Updated 9 December 2025
  • 5G NTN is a network architecture that uses satellites and airborne platforms to extend 5G service beyond terrestrial networks.
  • A multi-layer design integrates spaceborne segments (LEO/MEO/GEO), ground gateways, and relay nodes to optimize latency, coverage, and capacity.
  • Adapted physical and MAC layers address challenges such as Doppler shifts, high path loss, and spectrum sharing to support versatile applications.

A 5G Non-Terrestrial Network (NTN) is defined as a 5G-compatible radio access network utilizing spaceborne or airborne platforms—such as satellites in Low Earth Orbit (LEO), Medium Earth Orbit (MEO), Geostationary Earth Orbit (GEO), High Altitude Platforms (HAPS), or Unmanned Aerial Vehicles (UAVs)—to extend coverage above the Earth’s surface and interoperate seamlessly with terrestrial 5G New Radio (NR) infrastructure. NTNs are integral to the 3GPP standards (notably Release 17 and beyond) and support ubiquitous connectivity, capacity augmentation, and robust global backhaul, particularly in areas beyond terrestrial coverage or in high-density environments (Azari et al., 2021).

1. System Architectures and Key Components

The architecture of 5G NTNs is organized into multi-layer, multi-band frameworks integrating space (LEO/MEO/GEO satellites), air (HAPS/UAVs), and terrestrial segments. Core components include:

  • Satellite Segments: GEO satellites (~35,786 km) provide static, wide-area coverage for broadcast and backhaul with inherent high round-trip delays (~500 ms RTT). MEO satellites balance coverage and latency (~100 ms RTT). LEO satellites (~500–2,000 km) offer low-latency (~5–25 ms RTT), high Doppler, and frequent handovers via moving spot-beams.
  • Ground Segment: Gateways (GW) interface the satellite feeder links to the 5G Core (5GC), with functionality physically split between central units (CUs) and distributed units (DUs), depending on the payload architecture (transparent vs. regenerative) (Lin et al., 2021, Guidotti et al., 2022).
  • Relay and Integration Nodes: On transparent payloads, satellites act as bent-pipe relays. Regenerative payloads, expected to dominate future 5G-A/6G, integrate part of the gNB CU/DU onboard, enabling in-space processing, scheduler flexibility, and inter-satellite routing via ISLs.
  • User Equipment (UE): 5G NR UEs can be standard handhelds, VSATs, IoT modules, or mobile relay nodes, typically equipped with GNSS receivers for position and timing required in high Doppler and delay environments.

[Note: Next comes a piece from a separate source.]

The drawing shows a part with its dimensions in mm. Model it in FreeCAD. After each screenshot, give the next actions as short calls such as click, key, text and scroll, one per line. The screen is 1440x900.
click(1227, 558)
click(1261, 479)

A multi-layered architecture, combining LEO satellite backhaul, passive RIS-augmented terrestrial cells, and advanced mMIMO beamforming, achieves significant improvements in coverage, capacity, reliability, and cost-efficiency, notably in scenarios with thousands of simultaneous UEs (e.g., large events) (Farré et al., 12 Jun 2025).

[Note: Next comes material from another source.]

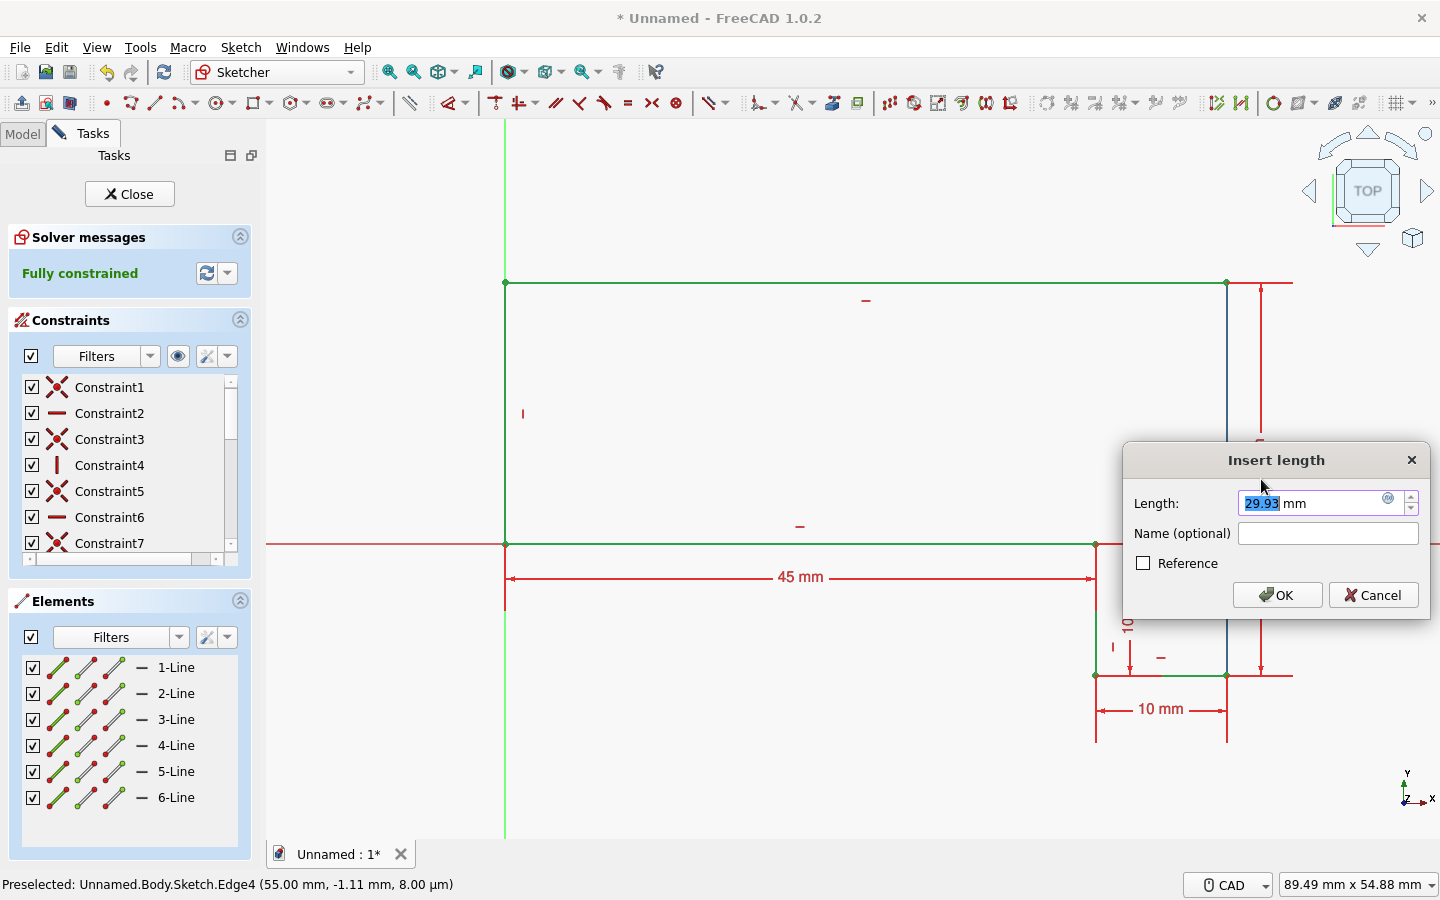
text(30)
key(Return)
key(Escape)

2. Physical Layer Adaptations and Channel Models

NTN physical layer design requires adaptations to counteract unique impairments:

  • Waveform and Numerology: OFDM is retained but subcarrier spacing (SCS, e.g., 15–120 kHz) may be adjusted for Doppler tolerance (LEO: ±50 kHz at 2 GHz), shortening slot durations respectively. Extended cyclic prefix (CP) can absorb large differential delays (Guidotti et al., 2022, Azari et al., 2021).
  • Path Loss and Link Budget: The core formula governing received power is

Pr=Pt+Gt+GrLfsLatmLrainLpolLmiscP_r = P_t + G_t + G_r - L_{\mathrm{fs}} - L_{\mathrm{atm}} - L_{\mathrm{rain}} - L_{\mathrm{pol}} - L_{\mathrm{misc}}

where Lfs=20log10(4πfcd/c)L_{\mathrm{fs}} = 20\log_{10}(4\pi f_c d / c) (FSPL), with large absolute values in GEO/MEO scenarios (FSPL ≈ 170–190 dB) (Hernandez et al., 2023, Azari et al., 2021).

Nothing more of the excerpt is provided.